Clutter: 4 in 10 Say More Than Half Of Their New Emails Are From Marketers

November 5, 2012

This article is included in these additional categories:

Digital | Email | Promotions, Coupons & Co-op

For email marketers, one of the main challenges is cutting through the clutter. Here’s why: according to [pdf] a Blue Kangaroo online survey of more than 1,000 US adults aged 18-64, a whopping 43% said that more than half of the new emails in their inbox the week prior to the survey came from marketers (including daily deals, retail newsletters, and sales alerts). In fact, 8 in 10 respondents said that more than 20% of their new emails came from marketers.

Strikingly, the percentage of respondents (43%) getting more than half of their emails from marketers corresponds almost exactly with the percentage (44%) who feel they are getting somewhat or much too many marketing emails. This suggests that the threshold marketing email volume for consumers is roughly half of their new emails (although this does not account for the actual number of emails an individual might have).

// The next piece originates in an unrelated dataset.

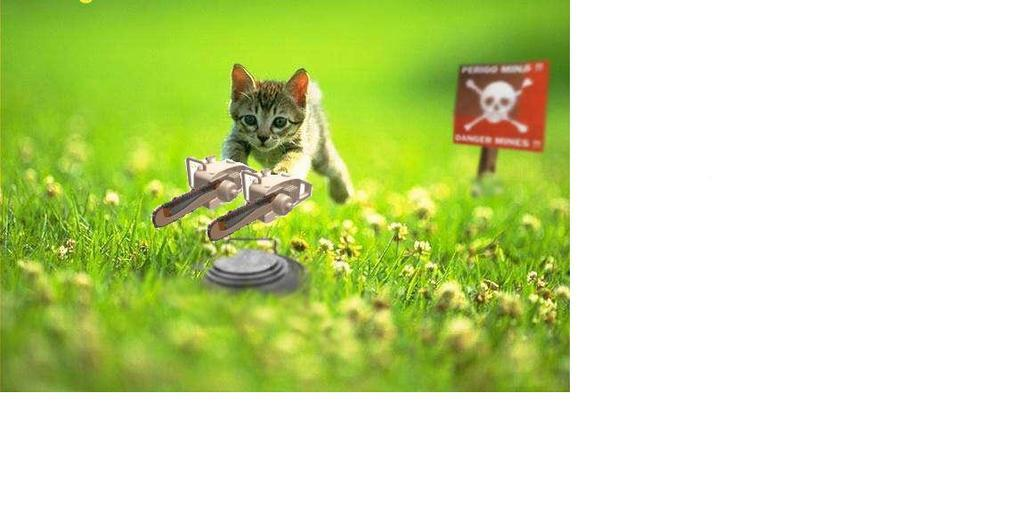What type of vegetation is present in the image? There is green grass in the image. What animal can be seen on the grass? There is a small kitten on the grass. What is the color and purpose of the board on the right side of the image? There is a red color danger board on the right side of the image. How does the kettle affect the grass in the image? There is no kettle present in the image, so it cannot affect the grass.

Only 1 in 4 Dislike All the Clutter

Interestingly, the barrage of marketing emails doesn’t appear to have met with frustrated consumers – yet. Only 1 in 4 said they really dislike all the marketing clutter they’re getting. By contrast, a healthy 40% said they enjoy getting lots of marketing emails from favorite brands and deal services in their inbox each week.

Still, that doesn’t mean that consumer acceptance of marketing emails is unwavering. Various pieces of research have shown that over-communication drives consumers away. For example, respondents to a Chadwick Martin Bailey (CMB) survey from March were asked why they unsubscribe from an email list: too many emails topped the list of reasons given, cited by 69%.

Subject Lines Can Make A Difference

Further details from Blue Kangaroo’s survey on marketing emails reveals that only 42% of respondents open and read most of the marketing emails that they receive, and 7 in 10 believe that inbox clutter might be at least occasionally causing them to overlook deals they would have liked.

In order to deal with the influx of marketing emails, many are scanning their inbox to see what catches their attention. To cut through the noise, then, marketers need to pay specific attention to subject lines. Indeed, 30% of respondents said they don’t open most of their marketing emails, but they carefully read most of their subject lines, while an additional 18% said they skim some of the subject lines, but not all. That is, subject lines are influential to about half of the email recipients.

The CMB survey (see link above) found similar results. 47% of respondents said that subject lines play an important role in whether or not they open email from businesses and non-profits.

Other Findings:

  • The vast majority (93%) of Blue Kangaroo survey respondents said they had at least a moderate interest in hearing on the internet about deals related to their shopping interests. That includes two-thirds who indicated very high (35%) or high (30%) interest.
  • About 8 in 10 respondents said that the marketing emails they receive go mainly into their primary personal email account, displayed alongside their personal emails. Just 8% have a separate account specifically for receiving marketing emails.
  • 6 in 10 spend half an hour or less per week opening and browsing marketing emails. 1 in 5 spend an hour or more doing so.
  • 48% said that managing all the marketing emails is sometimes worth the effort, but that it’s time-consuming. The second-largest percentage (32%) described the day-to-day management as mostly enjoyable, productive, and easy to do.
  • 7 in 10 respondents said they had made use of a coupon or discount that they had learned about through a marketing email in the prior week (35%) or month (33%).

About the Data: The Blue Kangaroo survey was conducted by Research Now, with WebStar Research, on behalf of ChoozOn Corporation. The online survey was conducted 23-27 August, 2012. The sample size was 1,090 US adults, aged 18-64, with 60% female. The sample was balanced to approximately match the US online audience by age, region, income, and education.